Eventually, though, it gained some additional tracks. Here’s the choice validator that was added at some point, probably by me when I couldn’t be bothered to find reqparse’s inbuilt choices option.

def choice(choices, msg='Invalid Choice'):
    def choose(choice):
        if choice not in choices:
            raise ValidationError(msg=msg)
        if isinstance(choices, dict):
            return choices.get(choice)
        else:
            return choice
    return choose


# Usage
parser.add_argument(
  'category',
  type=validators.choice(['News', 'Entertainment', 'Other']),
)

Notice how the responsibility for this validation is now moved to the type function, ensuring that any special handling of choice code is kept away from the general-purpose parsing functions? Without really intending to, the validators library grew a whole bunch of functionality paralleling reqparse’s built-ins. In parallel to reqparse’s keywords, validators gained optional, required, nullable, and validated_list.

Recently, I had to update Flask-Restful for some reason or another, and was dismayed when some of the validators stopped working.
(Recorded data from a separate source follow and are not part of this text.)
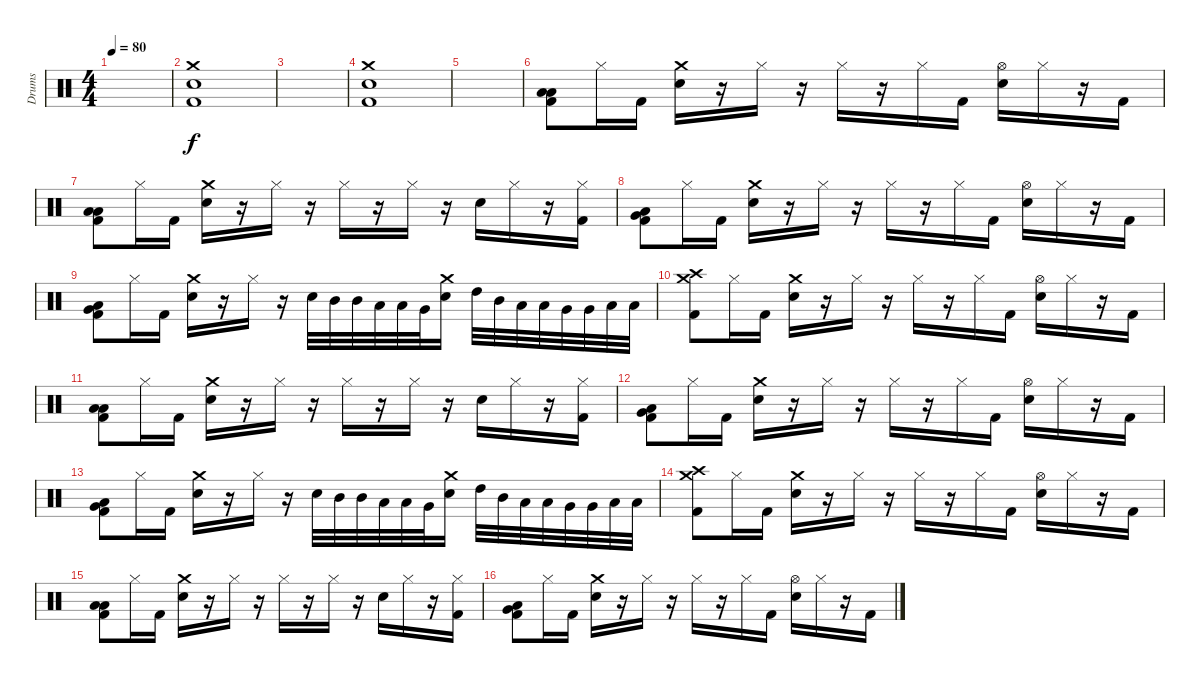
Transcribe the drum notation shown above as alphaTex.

\track ("Drums" "Drums") {instrument percussion}
\staff {score}
\articulation defaults
\ts (4 4)
\tempo 80
\clef neutral
\ks c
|
("Kick (hit) 2" "Snare (hit) 2" "Crash medium (hit)").1 |
|
("Kick (hit) 2" "Snare (hit) 2" "Crash medium (hit)").1 |
|
("Kick (hit) 2" "Low Floor Tom (hit)" "Low Floor Tom (hit)").8 "Hi-Hat (closed)".16 "Kick (hit) 2".16 ("Crash medium (hit)" "Snare (hit) 2").16 r.16 "Hi-Hat (closed)".16 r.16 "Hi-Hat (closed)".16 r.16 "Hi-Hat (closed)".16 "Kick (hit) 2".16 ("Hi-Hat (open)" "Snare (hit) 2").16 "Hi-Hat (closed)".16 r.16 "Kick (hit) 2".16 |
("Kick (hit) 2" "Low Floor Tom (hit)" "Low Floor Tom (hit)").8 "Hi-Hat (closed)".16 "Kick (hit) 2".16 ("Crash medium (hit)" "Snare (hit) 2").16 r.16 "Hi-Hat (closed)".16 r.16 "Hi-Hat (closed)".16 r.16 "Hi-Hat (closed)".16 r.16 "Snare (hit) 2".16 "Hi-Hat (closed)".16 r.16 ("Kick (hit) 2" "Hi-Hat (closed)").16 |
("Kick (hit) 2" "Low Floor Tom (hit)" "Very Low Tom (hit)").8 "Hi-Hat (closed)".16 "Kick (hit) 2".16 ("Crash medium (hit)" "Snare (hit) 2").16 r.16 "Hi-Hat (closed)".16 r.16 "Hi-Hat (closed)".16 r.16 "Hi-Hat (closed)".16 "Kick (hit) 2".16 ("Hi-Hat (open)" "Snare (hit) 2").16 "Hi-Hat (closed)".16 r.16 "Kick (hit) 2".16 |
("Kick (hit) 2" "Low Floor Tom (hit)" "Very Low Tom (hit)").8 "Hi-Hat (closed)".16 "Kick (hit) 2".16 ("Crash medium (hit)" "Snare (hit) 2").16 r.16 "Hi-Hat (closed)".16 r.16 "Snare (hit) 2".32 "Mid Tom (hit)".32 "Mid Tom (hit)".32 "Low Tom (hit)".32 "Low Tom (hit)".32 "Very Low Tom (hit)".32 ("Crash medium (hit)" "Snare (hit) 2").16 "High Tom (hit)".32 "Mid Tom (hit)".32 "Low Tom (hit)".32 "Low Tom (hit)".32 "Very Low Tom (hit)".32 "Very Low Tom (hit)".32 "Low Floor Tom (hit)".32 "Low Floor Tom (hit)".32 |
("Kick (hit) 2" "Crash medium (hit)" "Crash high (hit)").8 "Hi-Hat (closed)".16 "Kick (hit) 2".16 ("Crash medium (hit)" "Snare (hit) 2").16 r.16 "Hi-Hat (closed)".16 r.16 "Hi-Hat (closed)".16 r.16 "Hi-Hat (closed)".16 "Kick (hit) 2".16 ("Hi-Hat (open)" "Snare (hit) 2").16 "Hi-Hat (closed)".16 r.16 "Kick (hit) 2".16 |
("Kick (hit) 2" "Low Floor Tom (hit)" "Low Floor Tom (hit)").8 "Hi-Hat (closed)".16 "Kick (hit) 2".16 ("Crash medium (hit)" "Snare (hit) 2").16 r.16 "Hi-Hat (closed)".16 r.16 "Hi-Hat (closed)".16 r.16 "Hi-Hat (closed)".16 r.16 "Snare (hit) 2".16 "Hi-Hat (closed)".16 r.16 ("Kick (hit) 2" "Hi-Hat (closed)").16 |
("Kick (hit) 2" "Low Floor Tom (hit)" "Very Low Tom (hit)").8 "Hi-Hat (closed)".16 "Kick (hit) 2".16 ("Crash medium (hit)" "Snare (hit) 2").16 r.16 "Hi-Hat (closed)".16 r.16 "Hi-Hat (closed)".16 r.16 "Hi-Hat (closed)".16 "Kick (hit) 2".16 ("Hi-Hat (open)" "Snare (hit) 2").16 "Hi-Hat (closed)".16 r.16 "Kick (hit) 2".16 |
("Kick (hit) 2" "Low Floor Tom (hit)" "Very Low Tom (hit)").8 "Hi-Hat (closed)".16 "Kick (hit) 2".16 ("Crash medium (hit)" "Snare (hit) 2").16 r.16 "Hi-Hat (closed)".16 r.16 "Snare (hit) 2".32 "Mid Tom (hit)".32 "Mid Tom (hit)".32 "Low Tom (hit)".32 "Low Tom (hit)".32 "Very Low Tom (hit)".32 ("Crash medium (hit)" "Snare (hit) 2").16 "High Tom (hit)".32 "Mid Tom (hit)".32 "Low Tom (hit)".32 "Low Tom (hit)".32 "Very Low Tom (hit)".32 "Very Low Tom (hit)".32 "Low Floor Tom (hit)".32 "Low Floor Tom (hit)".32 |
("Kick (hit) 2" "Crash medium (hit)" "Crash high (hit)").8 "Hi-Hat (closed)".16 "Kick (hit) 2".16 ("Crash medium (hit)" "Snare (hit) 2").16 r.16 "Hi-Hat (closed)".16 r.16 "Hi-Hat (closed)".16 r.16 "Hi-Hat (closed)".16 "Kick (hit) 2".16 ("Hi-Hat (open)" "Snare (hit) 2").16 "Hi-Hat (closed)".16 r.16 "Kick (hit) 2".16 |
("Kick (hit) 2" "Low Floor Tom (hit)" "Low Floor Tom (hit)").8 "Hi-Hat (closed)".16 "Kick (hit) 2".16 ("Crash medium (hit)" "Snare (hit) 2").16 r.16 "Hi-Hat (closed)".16 r.16 "Hi-Hat (closed)".16 r.16 "Hi-Hat (closed)".16 r.16 "Snare (hit) 2".16 "Hi-Hat (closed)".16 r.16 ("Kick (hit) 2" "Hi-Hat (closed)").16 |
("Kick (hit) 2" "Low Floor Tom (hit)" "Very Low Tom (hit)").8 "Hi-Hat (closed)".16 "Kick (hit) 2".16 ("Crash medium (hit)" "Snare (hit) 2").16 r.16 "Hi-Hat (closed)".16 r.16 "Hi-Hat (closed)".16 r.16 "Hi-Hat (closed)".16 "Kick (hit) 2".16 ("Hi-Hat (open)" "Snare (hit) 2").16 "Hi-Hat (closed)".16 r.16 "Kick (hit) 2".16

This wasn’t really anyone’s fault, just a case of my validator functions expecting some edge-case behavior that had changed. But I realized that, by now, I didn’t really need all of the functionality that reqparse offered. I replaced the RequestParser and Argument classes with some custom ones that look a lot more like the pseudocode example above than the current implementations that exist within flask-restful. It’s not an all-at-once process, but over time, all keyword-based validators are moving to function-based ones, and the Argument and RequestParser implementations keep getting simpler and simpler.

Incidentally, this is the sort of system that WTForms, another great input-wrangling library, has always used. Each Field class accepts a list of validators, which can be totally custom-written about as simply as mine above (you can even just make them closures returning functions). What WTForms provides, in lieu of extra keyword arguments, is a suite of validators covering common cases, such as DataRequired, EqualTo, etc.:

class MyForm(Form):
  email = StringField("email", validators=[DataRequired(), Email()])

But, not to be outdone in the field of keyword austerity, validators has long provided a comp method for this sort of situation:

parser.add_argument(
  'email',
  type=validators.comp(validators.required, validators.email)
)

So what’s the lesson? I don’t know, I’m not a teacher, but I guess it’s something along the lines of: Wherever possible, favor function composition for those cases where, for once, it actually makes things simpler.